Now comes Chef B, an automated kiosk capable of making more than three dozen 12-ounce smoothies in an hour. Fully autonomous, the kiosk has refrigeration systems, blenders, robotic arms and 20 temperature-controlled dispensers for its fresh produce and liquids.
Orders are placed via the Blendid app or on the on-site tablet. The first kiosk in the city officially opened Monday at Market Cafe on the campus of the University of San Francisco, meaning local college kids are the first people in the city to pay for a robot to do the laborious smoothie-making work of opening a refrigerator and turning on a blender.
The Sunnyvale-based Blendid was founded in 2015. CEO Vipin Jain describes the origin of Chef B as a humble one: he and his team simply wanted to create a way for people to get healthy, customizable smoothies quickly. And bringing it to San Francisco just made sense.
“San Francisco is a food and innovation hub,” he said. “It’s a progressive city that adapts to positive change.”

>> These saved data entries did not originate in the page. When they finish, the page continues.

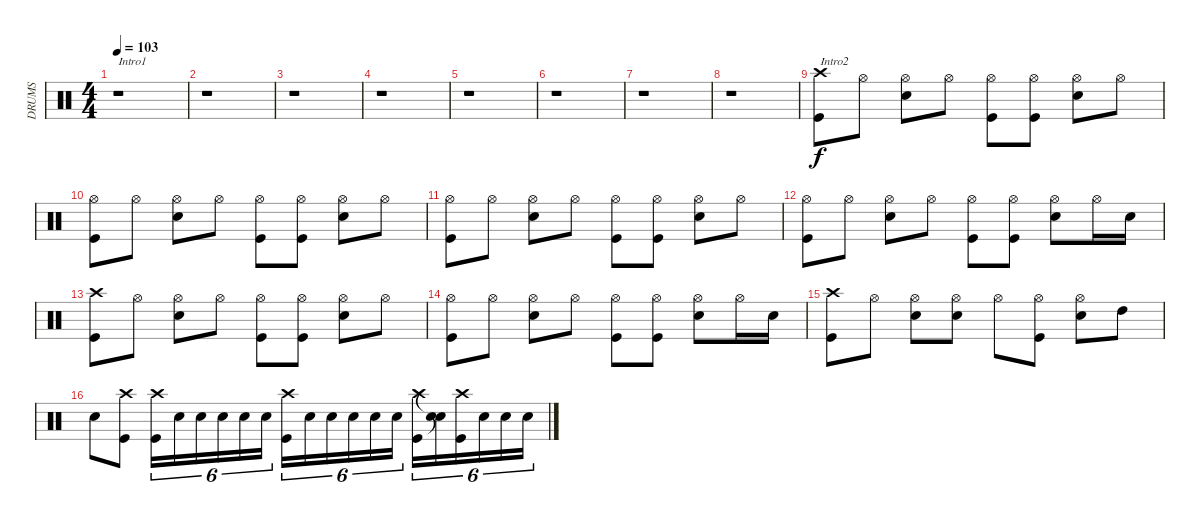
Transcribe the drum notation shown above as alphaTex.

\track ("DRUMS" "DRUMS") {instrument percussion}
\staff {score}
\articulation defaults
\ts (4 4)
\tempo 103
\clef neutral
\ks c
r.1{txt "Intro1" dy f} |
r.1 |
r.1 |
r.1 |
r.1 |
r.1 |
r.1 |
r.1 |
("Crash high (hit)" "Kick (hit)").8{txt "Intro2"} "Hi-Hat (open)".8 ("Hi-Hat (open)" "Electric Snare (hit)").8 "Hi-Hat (open)".8 ("Hi-Hat (open)" "Kick (hit)").8 ("Hi-Hat (open)" "Kick (hit)").8 ("Hi-Hat (open)" "Electric Snare (hit)").8 "Hi-Hat (open)".8 |
("Hi-Hat (open)" "Kick (hit)").8 "Hi-Hat (open)".8 ("Hi-Hat (open)" "Electric Snare (hit)").8 "Hi-Hat (open)".8 ("Hi-Hat (open)" "Kick (hit)").8 ("Hi-Hat (open)" "Kick (hit)").8 ("Hi-Hat (open)" "Electric Snare (hit)").8 "Hi-Hat (open)".8 |
("Hi-Hat (open)" "Kick (hit)").8 "Hi-Hat (open)".8 ("Hi-Hat (open)" "Electric Snare (hit)").8 "Hi-Hat (open)".8 ("Hi-Hat (open)" "Kick (hit)").8 ("Hi-Hat (open)" "Kick (hit)").8 ("Hi-Hat (open)" "Electric Snare (hit)").8 "Hi-Hat (open)".8 |
("Hi-Hat (open)" "Kick (hit)").8 "Hi-Hat (open)".8 ("Hi-Hat (open)" "Electric Snare (hit)").8 "Hi-Hat (open)".8 ("Hi-Hat (open)" "Kick (hit)").8 ("Hi-Hat (open)" "Kick (hit)").8 ("Hi-Hat (open)" "Electric Snare (hit)").8 "Hi-Hat (open)".16 "Electric Snare (hit)".16 |
("Crash high (hit)" "Kick (hit)").8 "Hi-Hat (open)".8 ("Hi-Hat (open)" "Electric Snare (hit)").8 "Hi-Hat (open)".8 ("Hi-Hat (open)" "Kick (hit)").8 ("Hi-Hat (open)" "Kick (hit)").8 ("Hi-Hat (open)" "Electric Snare (hit)").8 "Hi-Hat (open)".8 |
("Hi-Hat (open)" "Kick (hit)").8 "Hi-Hat (open)".8 ("Hi-Hat (open)" "Electric Snare (hit)").8 "Hi-Hat (open)".8 ("Hi-Hat (open)" "Kick (hit)").8 ("Hi-Hat (open)" "Kick (hit)").8 ("Hi-Hat (open)" "Electric Snare (hit)").8 "Hi-Hat (open)".16 "Electric Snare (hit)".16 |
("Crash high (hit)" "Kick (hit)").8 "Hi-Hat (open)".8 ("Hi-Hat (open)" "Electric Snare (hit)").8 ("Hi-Hat (open)" "Electric Snare (hit)").8 "Hi-Hat (open)".8 ("Hi-Hat (open)" "Kick (hit)").8 ("Hi-Hat (open)" "Electric Snare (hit)").8 "High Tom (hit)".8 |
"Electric Snare (hit)".8 ("Crash high (hit)" "Kick (hit)").8 ("Crash high (hit)" "Kick (hit)").16{tu (6 4)} "Electric Snare (hit)".16{tu (6 4)} "Electric Snare (hit)".16{tu (6 4)} "Electric Snare (hit)".16{tu (6 4)} "Electric Snare (hit)".16{tu (6 4)} "Electric Snare (hit)".16{tu (6 4)} ("Crash high (hit)" "Kick (hit)").16{tu (6 4)} "Electric Snare (hit)".16{tu (6 4)} "Electric Snare (hit)".16{tu (6 4)} "Electric Snare (hit)".16{tu (6 4)} "Electric Snare (hit)".16{tu (6 4)} "Electric Snare (hit)".16{tu (6 4)} ("Crash high (hit)" "Kick (hit)").16{tu (6 4)} ("Snare (hit)"{t} "Snare (hit)"{t}).16{tu (6 4)} ("Crash high (hit)" "Kick (hit)").16{tu (6 4)} "Electric Snare (hit)".16{tu (6 4)} "Electric Snare (hit)".16{tu (6 4)} "Electric Snare (hit)".16{tu (6 4)}

True enough. One of the city’s more noteworthy coffee outfits is Cafe X, an automated business that features a robot barista. Chowbotics has a salad-making robot named Sally that, as recently as 2018, was securing investment from venture capitalists. The same can be said for Zume Pizza with its pie-making robots. The company Creator in San Francisco considers its burger-making Rube Goldberg machine a robot as well. Its debut was one of the most high-profile restaurant openings in San Francisco last year.
So, how does Blendid stand apart from the crowd? Affordability is one way. All of the 12-ounce blends cost $6. And though the machine costs around $70,000 to build, Blendid has a franchise business model, meaning it works with large operators like Bon Appetit Management Company, the same folks who run the USF dining establishments. As such, investment is low for franchisees and partners, meaning the prices remain low for consumers, according to Jain.
The recipes —which include options like Blueberry Cacao made with blueberries, bananas, apple juice, cacao and chia, as well as a Kale and Berry blend made with kale, raspberries, blueberries and coconut water — are created through joint collaborations between chefs and nutritionists. Still, there’s space for customization in the orders. Less agave and more chia seeds? All it takes is a few swipes on the app and the blend is adjusted.
The ultimate goal, Jain said, is to apply technology to other types of cuisines. The thinking isn’t unusual in the world of food and tech. Chowbotics has had similar plans since introducing Sally the robot to the world. The universal application of dining is based around the potential for replication.
“In San Francisco, our goal is to bring more concepts to the market. I imagine a few years from now you walk into an airport or a company cafeteria and you should have four or five concepts that are side-by-side,” Jain said. “One is making you making you blends, another is making you some other form of cuisine. That’s what we would want.”